Items from a data source

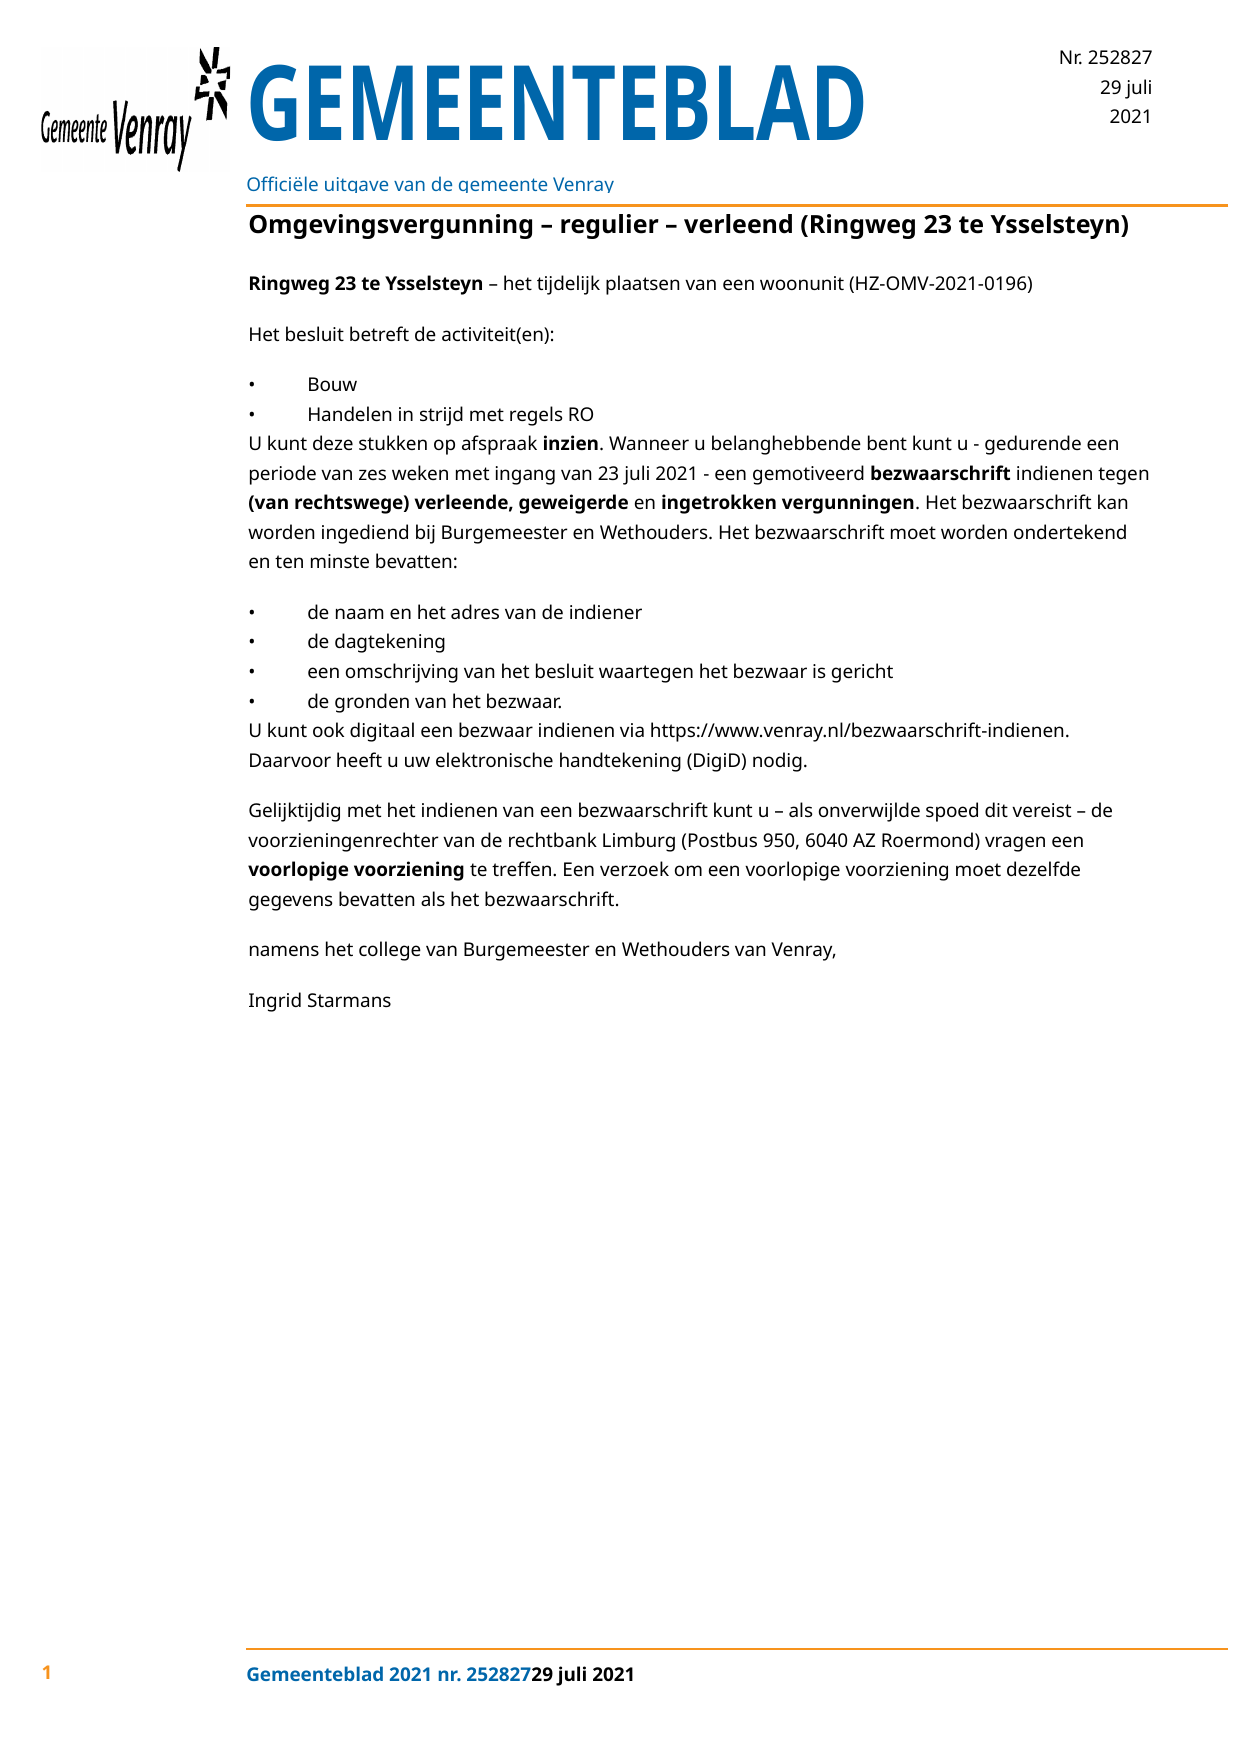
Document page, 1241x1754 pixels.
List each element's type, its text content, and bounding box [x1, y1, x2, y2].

list Handelen in strijd met regels RO [248, 401, 1152, 426]
text Het besluit betreft de activiteit(en): [248, 321, 1152, 346]
list een omschrijving van het besluit waartegen het bezwaar is gericht [248, 658, 1152, 684]
list de naam en het adres van de indiener [248, 599, 1152, 625]
text namens het college van Burgemeester en Wethouders van Venray, [248, 937, 1152, 962]
text U kunt deze stukken op afspraak inzien. Wanneer u belanghebbende bent kunt u - gedurende een periode van zes weken met ingang van 23 juli 2021 - een gemotiveerd bezwaarschrift indienen tegen (van rechtswege) verleende, geweigerde en ingetrokken vergunningen. Het bezwaarschrift kan worden ingediend bij Burgemeester en Wethouders. Het bezwaarschrift moet worden ondertekend en ten minste bevatten: [248, 430, 1152, 574]
list de gronden van het bezwaar. [248, 688, 1152, 713]
text Omgevingsvergunning – regulier – verleend (Ringweg 23 te Ysselsteyn) [248, 207, 1152, 241]
list de dagtekening [248, 629, 1152, 654]
text U kunt ook digitaal een bezwaar indienen via https://www.venray.nl/bezwaarschrift-indienen. Daarvoor heeft u uw elektronische handtekening (DigiD) nodig. [248, 717, 1152, 773]
text Ringweg 23 te Ysselsteyn – het tijdelijk plaatsen van een woonunit (HZ-OMV-2021-0196) [248, 270, 1152, 296]
picture [41, 47, 231, 172]
text Ingrid Starmans [248, 987, 1152, 1013]
list Bouw [248, 371, 1152, 397]
text Gelijktijdig met het indienen van een bezwaarschrift kunt u – als onverwijlde spoed dit vereist – de voorzieningenrechter van de rechtbank Limburg (Postbus 950, 6040 AZ Roermond) vragen een voorlopige voorziening te treffen. Een verzoek om een voorlopige voorziening moet dezelfde gegevens bevatten als het bezwaarschrift. [248, 797, 1152, 912]

Problem description
All lines above from the one containing "list de gronden" to the one containing "text U kunt ook" must be repeated exactly, both lines included, and no others.

Response area
list de gronden van het bezwaar. [248, 688, 1152, 713]
text Omgevingsvergunning – regulier – verleend (Ringweg 23 te Ysselsteyn) [248, 207, 1152, 241]
list de dagtekening [248, 629, 1152, 654]
text U kunt ook digitaal een bezwaar indienen via https://www.venray.nl/bezwaarschrift-indienen. Daarvoor heeft u uw elektronische handtekening (DigiD) nodig. [248, 717, 1152, 773]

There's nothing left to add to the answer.